4. If the transaction represents two distinct and separate contracts and is discernible as such then contract of service in such transaction would be segregated and chargeable to service tax if other elements of taxability are present. This would apply even if a single invoice is issued.
The principles explained above would, mutatis mutandis, apply to composite transactions involving an element of transfer of title in immovable property or transaction in money or an actionable claim.
As per the definition of ‘service’ only activities which are in the nature of transfer of title in goods (which includes securities) are excluded. As a consideration for the transfer of title in mutual funds the investors pay amounts equal to NAV of the mutual fund. Entry or exit loads are in the nature of consideration for documentation, covering initial expenses, asset management etc. Hence service tax would be leviable on such entry and exit loads. Service tax would also be leviable on fund management activity undertaken by an asset management company (AMC) for which an AMC charges the mutual fund an ‘investment and advisory fee’, in accordance with provisions contained in the SEBI regulation.

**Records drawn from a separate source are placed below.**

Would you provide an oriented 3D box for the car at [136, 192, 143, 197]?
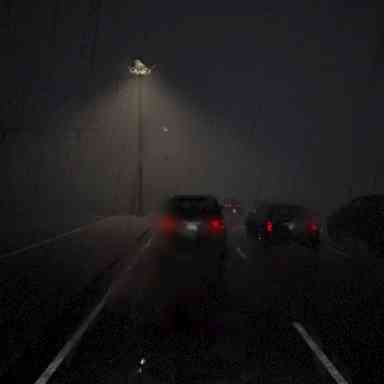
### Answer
[{"bbox_3d":[-15.166,0.700,94.248,1.994,1.385,4.181,0,1,1],"label":"car"}]

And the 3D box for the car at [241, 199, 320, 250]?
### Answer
[{"bbox_3d":[3.534,1.229,13.767,2.097,1.767,4.553,0,1,0],"label":"car"}]

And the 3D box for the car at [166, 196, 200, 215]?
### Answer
[{"bbox_3d":[-0.943,1.205,30.828,1.882,1.535,5.008,1,0,-17],"label":"car"}]

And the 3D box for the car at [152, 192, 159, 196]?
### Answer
[{"bbox_3d":[-8.183,0.815,77.814,1.837,1.490,4.892,0,1,0],"label":"car"}]

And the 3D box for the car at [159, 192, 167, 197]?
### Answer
[{"bbox_3d":[-8.163,0.721,94.363,1.895,1.301,4.718,0,1,1],"label":"car"}]

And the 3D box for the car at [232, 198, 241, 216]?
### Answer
[{"bbox_3d":[3.247,1.245,29.474,1.837,1.490,4.892,1,1,-5],"label":"car"}]

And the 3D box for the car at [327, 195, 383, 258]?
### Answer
[{"bbox_3d":[7.029,1.109,12.348,2.150,2.045,5.566,0,0,0],"label":"car"}]

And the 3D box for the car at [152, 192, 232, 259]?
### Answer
[{"bbox_3d":[0.029,1.110,12.313,2.150,2.045,5.566,0,0,0],"label":"car"}]

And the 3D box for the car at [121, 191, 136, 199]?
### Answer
[{"bbox_3d":[-15.184,0.668,78.168,2.097,1.767,4.553,0,1,0],"label":"car"}]

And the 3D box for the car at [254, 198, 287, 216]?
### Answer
[{"bbox_3d":[7.004,1.297,30.046,1.994,1.385,4.181,0,0,0],"label":"car"}]
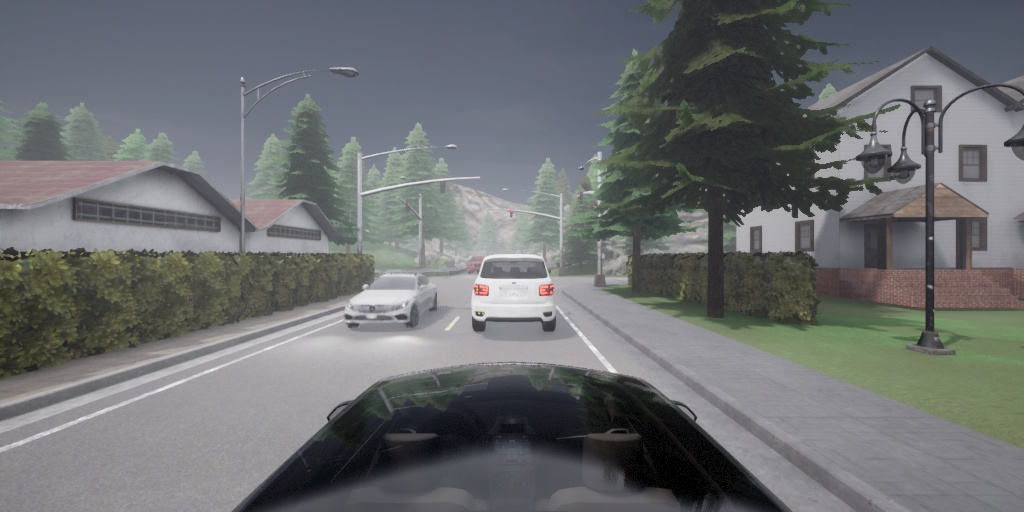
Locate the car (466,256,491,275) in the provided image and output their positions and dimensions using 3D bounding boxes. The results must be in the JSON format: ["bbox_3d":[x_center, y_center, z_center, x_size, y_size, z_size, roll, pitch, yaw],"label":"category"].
[{"bbox_3d":[-3.615,0.970,39.664,2.150,2.045,5.566,0,0,0],"label":"car"}]

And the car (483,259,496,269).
[{"bbox_3d":[-3.638,1.256,58.552,1.837,1.490,4.892,0,-1,0],"label":"car"}]

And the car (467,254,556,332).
[{"bbox_3d":[0.061,0.971,11.023,2.150,2.045,5.566,0,0,0],"label":"car"}]

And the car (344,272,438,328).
[{"bbox_3d":[-3.602,1.275,11.533,1.812,1.442,4.674,0,0,0],"label":"car"}]

B. DEEMED SALES ARE EXCLUDED FROM THE DEFINATION OF SERVICE
The six categories of deemed sales as defined in article 366(29A) of the Constitution are –
1. transfer, otherwise than in pursuance of a contract, of property in any goods for cash, deferred payment or other valuable consideration
2. transfer of property in goods (whether as goods or in some other form) involved in the execution of a works contract
3. delivery of goods on hire-purchase or any system of payment by installments
4. transfer of the right to use any goods for any purpose (whether or not for a specified period) for cash, deferred payment or other valuable consideration
5. supply of goods by any unincorporated association or body of persons to a member thereof for cash, deferred payment or other valuable consideration
6. supply, by way of or as part of any service or in any other manner whatsoever, of goods, being food or any other article for human consumption or any drink (whether or not intoxicating), where such supply or service, is for cash, deferred payment or other valuable consideration.
Some categories of deemed sales do not involve transfer of title in goods like transfer of goods on hire-purchase or transfer of right to use goods. Accordingly, deemed sales have been specifically excluded.
C. A TRANSACTION ONLY IN MONEY OR ACTIONABLE CLAIMS
Example of Activities under ‘transaction only in money’:-
Actionable claims means a claim to any debt, other than a debt secured by mortgage of immovable property or by hypothecation or pledge of movable property or to any beneficial interest in movable property not in the possession, either actual or constructive, of the claimant, which the Civil Courts recognize as affording grounds for relief, whether such debt or beneficial interest be existent, accruing, conditional or contingent. Example Unsecured Debts, Right to participate in the draw to be held in a lottery.
D. SERVICE PROVIDED BY EMPLOYEE TO EMPLOYER
Services that are provided by the employee to the employer in the course of employment are outside the ambit of services. Services provided outside the ambit of employment for a consideration would be a service. For example, if an employee provides his services on contract basis to an associate company of the employer, then this would be treated as provision of service.
Amounts paid by the employer to the employee for premature termination of a contract of employment are treatable as amounts paid in relation to services provided by the employee to the employer in the course of employment. Hence, amounts so paid would not be chargeable to service tax. However any amount paid for not joining a competing business would be liable to be taxed being paid for providing the service of forbearance to act.